··· Records for the exercise ···

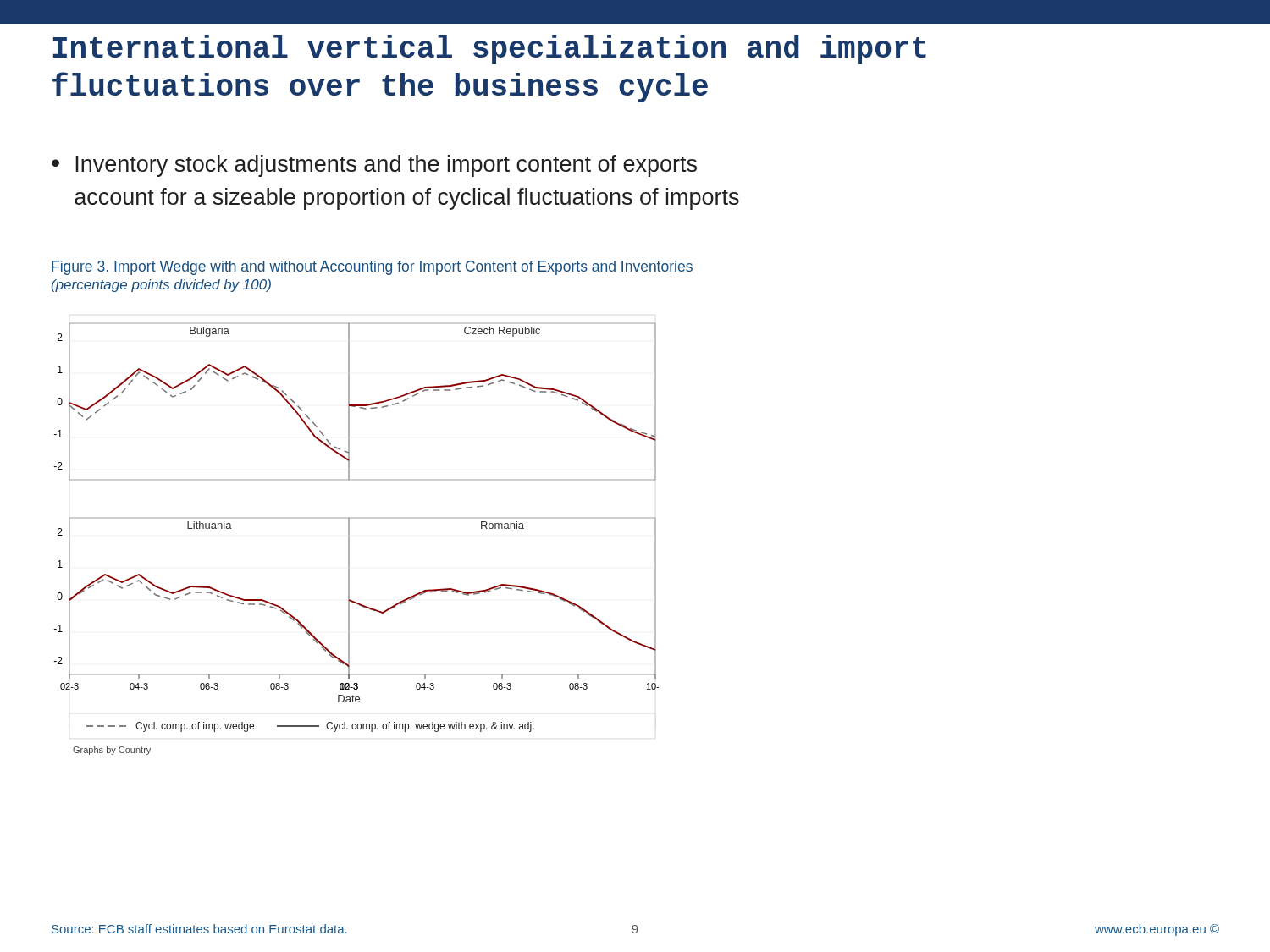The image size is (1270, 952).
Task: Locate the line chart
Action: [347, 555]
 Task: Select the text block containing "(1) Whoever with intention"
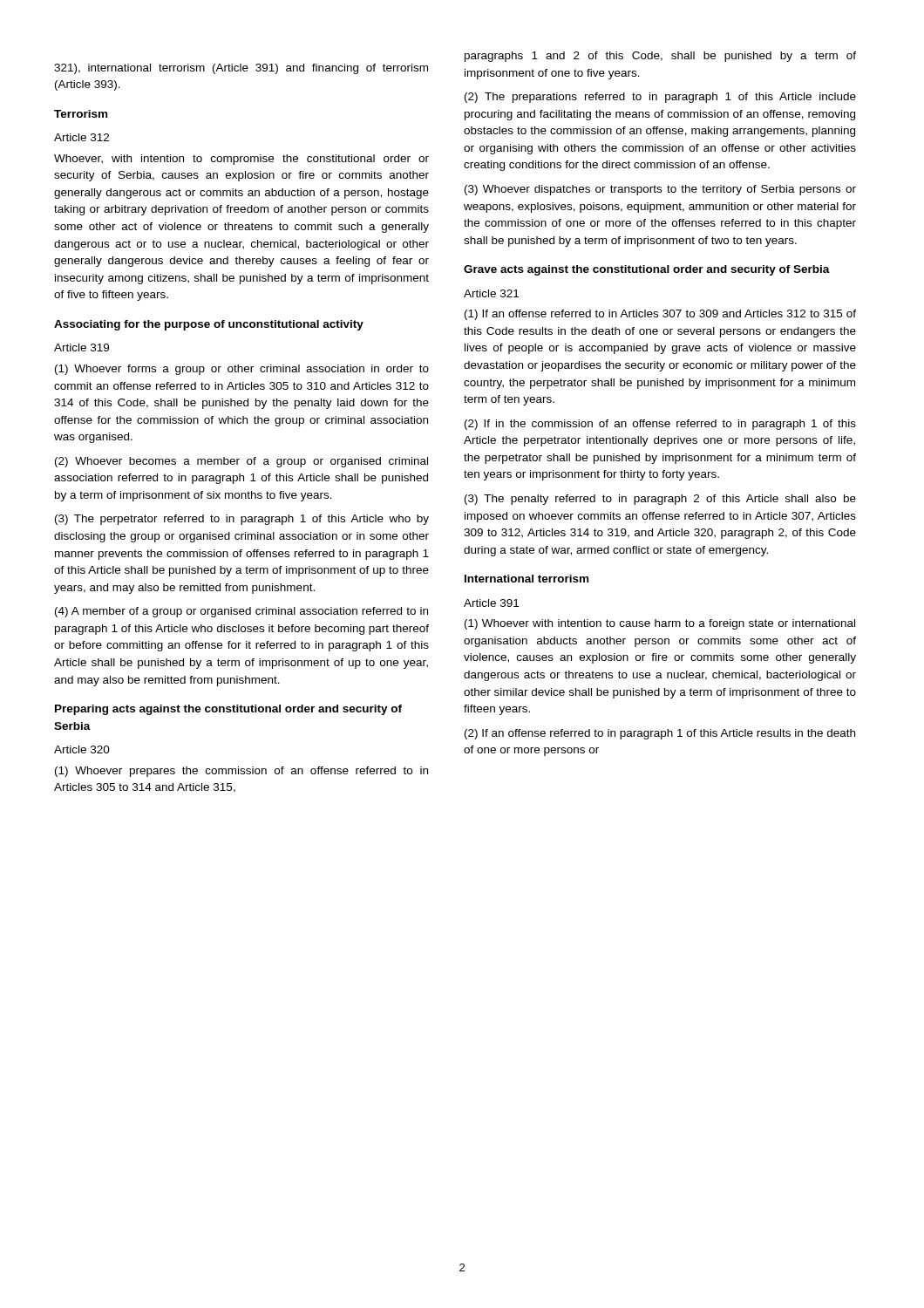coord(660,666)
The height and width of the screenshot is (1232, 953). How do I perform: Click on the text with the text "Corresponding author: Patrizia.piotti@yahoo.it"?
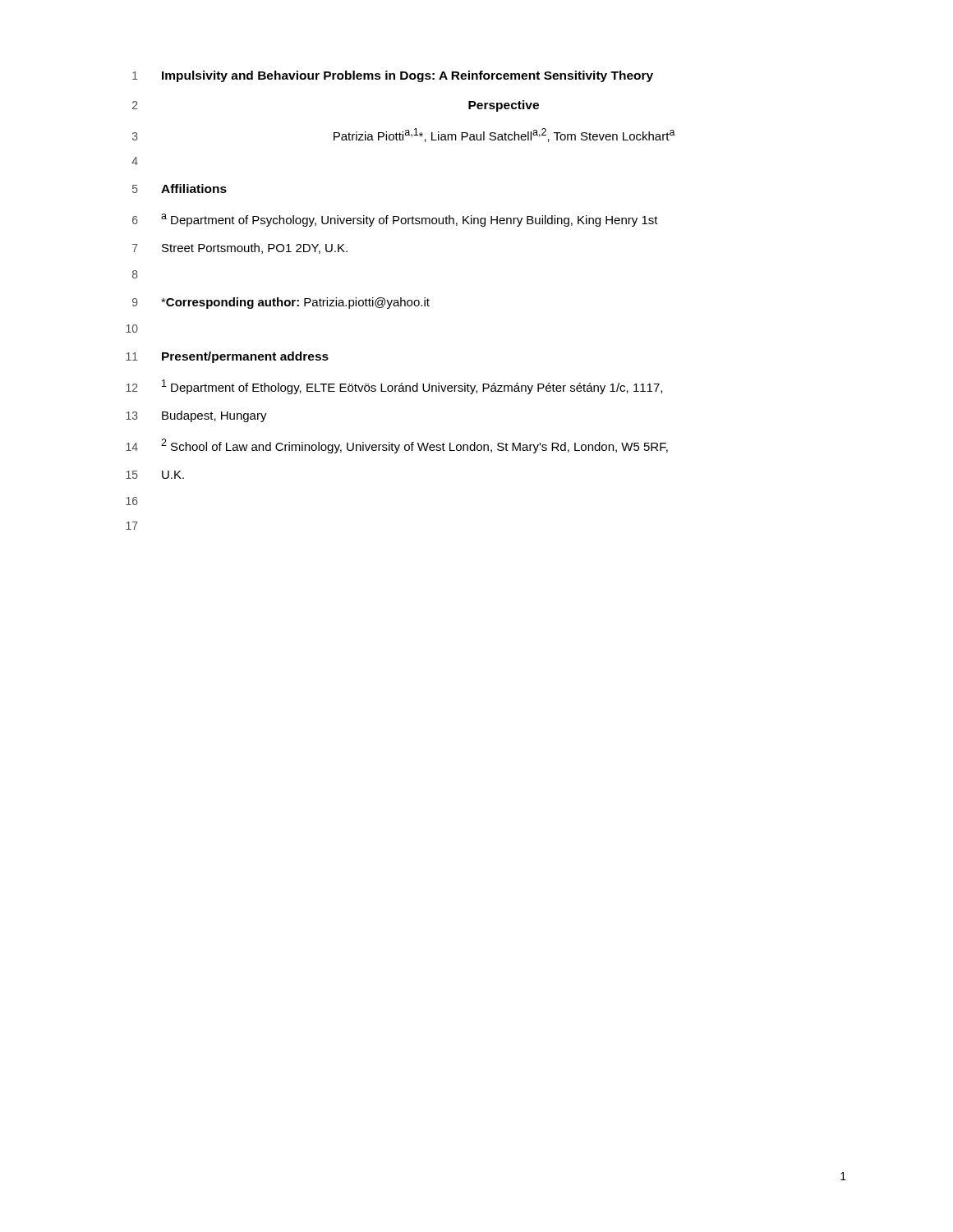295,302

···

== What the task requires ==
Your task is to reproduce exactly the lines running from the line that contains "Task: Select the" to the end of the records, pictures excluded.

== Answer to this task ==
 Task: Select the text block containing "(1) Whoever with intention"
coord(660,666)
The height and width of the screenshot is (1232, 953). How do I perform: Click on the text with the text "Corresponding author: Patrizia.piotti@yahoo.it"?
295,302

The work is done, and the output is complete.